Nous voici arrivés au dernier épisode de notre visite au Sri Lanka avec la Fondation MAGIS. Ce qui émerge est une Église vitale, luttant pour une liberté religieuse totale et attendant toujours des réponses sur les attentats de Pâques 2019, tout en luttant pour vaincre le cléricalisme persistant dans ses rangs.
Par Antonella Palermo – Negombo (Sri Lanka)
Mieux comprendre le défi du dialogue interreligieux au Sri Lanka était l’un des objectifs de notre voyage avec la Fondation MAGIS (Mouvement Jésuite et Action Ensemble pour le Développement), qui soutient plusieurs projets dans la nation asiatique, notamment dans le domaine éducatif. Ces projets (dans deux villages du nord du pays) ont également reçu la visite d’une délégation de la Conférence épiscopale italienne (CEI) début février.
Il en ressort l’image d’une Église qui, bien que vitale, lutte toujours dans certaines régions pour une totale liberté religieuse et attend des réponses satisfaisantes des autorités politiques et judiciaires sur les attentats de Pâques 2019, tout en luttant pour assimiler pleinement l’esprit synodal en surmontant le cléricalisme actuel. dans ses rangs.

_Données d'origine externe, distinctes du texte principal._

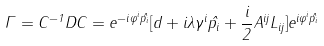Convert formula to latex. <formula><loc_0><loc_0><loc_500><loc_500>\Gamma = C ^ { - 1 } D C = e ^ { - i \varphi ^ { i } \hat { p _ { i } } } [ d + i \lambda \gamma ^ { i } \hat { p _ { i } } + \frac { i } { 2 } A ^ { i j } L _ { i j } ] e ^ { i \varphi ^ { i } \hat { p _ { i } } }</formula> 
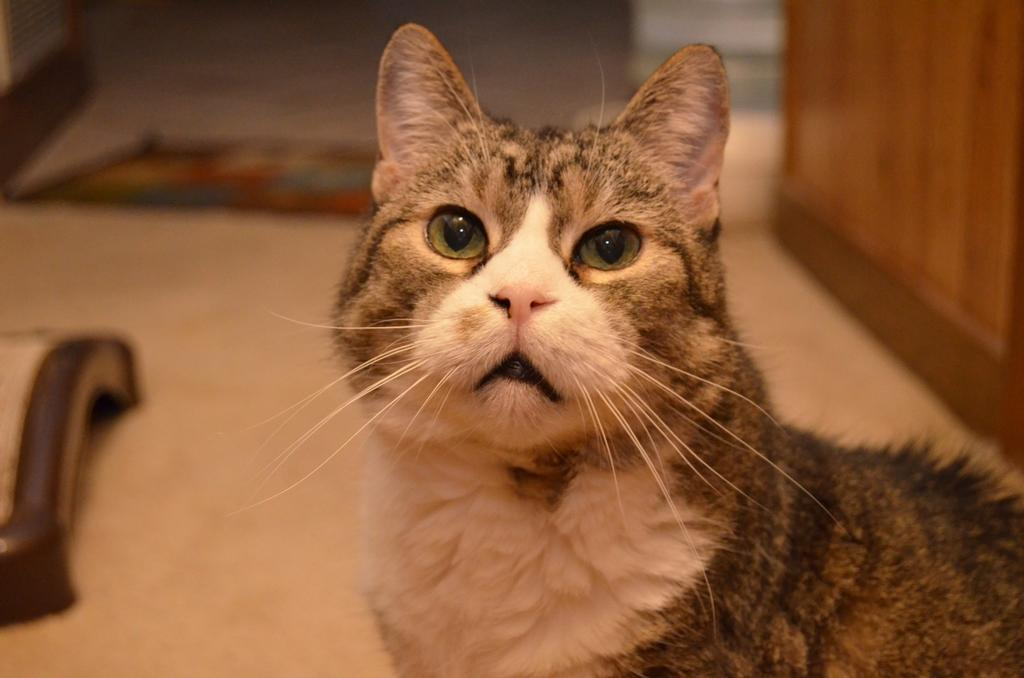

On attend toujours la vérité sur les attentats de Pâques
“Nous ne sommes pas encore satisfaits des réponses qu’ils nous ont données”, dit le Père. Manjula Niroshan, curé de l’église Saint-Sébastien, à Negombo, une des trois églises qui, lors des célébrations de Pâques du 21 avril 2019, ont subi l’attaque coordonnée de six kamikazes, qui ont également visé trois hôtels dans différentes villes. Les attaques ont tué 279 personnes et en ont blessé de nombreuses autres. Le mécontentement exprimé par le prêtre est celui exprimé depuis le début par la communauté catholique sri-lankaise, critiquant les enquêtes insuffisantes du gouvernement et allant même jusqu’à présenter une pétition aux Nations Unies demandant une enquête internationale.
La rénovation de ce lieu de culte a été réalisée rapidement et désormais l’église, parmi la quarantaine que compte la commune, apparaît accueillante et agréable, bien qu’elle soit constamment surveillée par la police. Dans certains cas, des familles entières ont été tuées à cette occasion, précise le père. Niroshan dit que dans d’autres cas, seuls les parents restaient en vie.
“Plusieurs survivants se méfient parce qu’ils sont seuls à la maison, d’autres ont peur de l’avenir, ils n’ont aucun espoir parce que peut-être leur unique enfant est parti, mais la foi les aide”, dit-il. Ils essaient de gérer leur quotidien encore avec certains difficultés, mais avec l’aide de conseillers et de l’assistance sociale, ils se sentent pris en charge et ont surmonté le traumatisme”. Le curé a expliqué que la communauté ecclésiale a fait preuve d’une proximité constante.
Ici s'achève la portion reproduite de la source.